Vittorio Bigari (1692 - 1776) was an Italian painter of the late-Baroque period.

==Biography==
He was born in Bologna in 1692. His main biographer was Zanotti. He was initially trained in the art of stucco and sculpture, a pupil of Antonio Dardani; then became an assistant to the scenographer C. A. Buffagnotti, with whom he combined the activity of quadraturist scenographer with the study of the figure.

In 1720 Bigari worked with A. Buttazzoni on the decoration (now disappeared) of the choir of the church of San Nicolò in Carpi; two years later he painted in Rimini the ceiling of the choir of the church of San Agostino (two angels detached are in the Municipal Museum of Rimini).

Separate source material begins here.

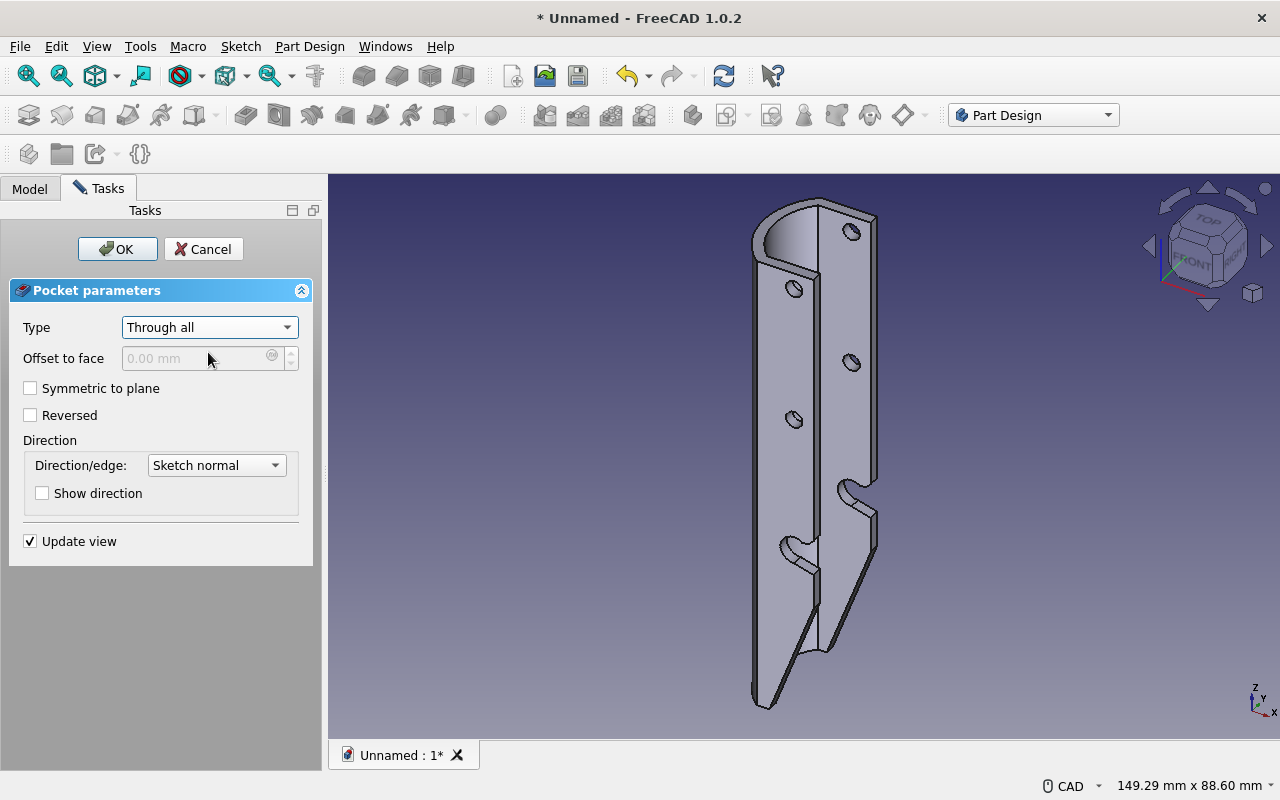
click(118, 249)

Also in 1722 began his work for the counts Aldrovandi of Bologna: in the palace (now Montanari) of via Galliera, in collaboration with the quadraturista Stefano Orlandi, he helped decorate the ceiling of the staircase and a room with the mythological tale of Aurora Abandons the Old Titone. Following the success of these works, Bigari was commissioned to paint the Allegories of the Baths of Porretta on the content of the poet P.I. Martelli in the vault of the gallery of Palazzo Ranuzzi (now Palazzo di Giustizia of Bologna). (in the collaboration with Orlandi). The admiration received for these works earned Bigari the admission (1727) to the Accademia Clementina.

Also in 1727, together with Orlandi, Bigari was invited by Manfredi to Faenza to decorate the ceilings of three large rooms and the palace gallery (now a municipal palace) with monochrome and polychrome frescoes dedicated to the Sun, the Stars, Rose and the Facts of Roman History.

In the same period and in the same city, according to Zanotti, he painted an Assumption the chapel of the Bartoli house, which was destroyed in the Second World War. Zanotti attributed to the period after Faenza the vast and not happy tempera with Apollo who Leads the Virtues to the Temple of Gloria in the Aldrovandi palace in Bologna; an Immaculate Conception, today in the church of St. Eugenio Papa of Bologna, must be considered of these years.

The last important works of Bigari were the frescoes for the main chapel of the sanctuary of the Madonna di San Luca in Bologna (1760) and for the vaults of some rooms of the Renata di Francia palace in Ferrara. These works of maturity are characterized by the obvious Venetian ways, for a warmer and more intense brushstroke.

He painted frescoes in the Basilica of San Domenico in Bologna, as well as the cupola of the church of the Madonna della Guardia, and the gallery of the Ranuzzi Palace in Bologna. He also painted in the Palazzo Aldrovandi. He also painted for the Madonna del Soccorso. The Pinacoteca Nazionale di Bologna includes two paintings by him: Convito di Baldassarre and Salomone incensa gli idoli. Followers or pupils of Bigari include Francesco Gadi, Francesco Chiozzi, and Emilio Manfredi.

In 1759 Bigari was again elected viceprincipe and later, twice (years 1767 and 1773), prince of the Accademia Clementina. In 1770, he was elected an honorary associate of the Russian Imperial Academy of Arts.

Bigari died in Bologna on 17 June 1776 and on 21 June he was buried in the chapel of the Santi Sebastiano and Rocco; the plaque on his tomb recalled the numerous honors he had: a cabinet painter of the archbishop of Cologne, a member of the Academy of Parma, etc.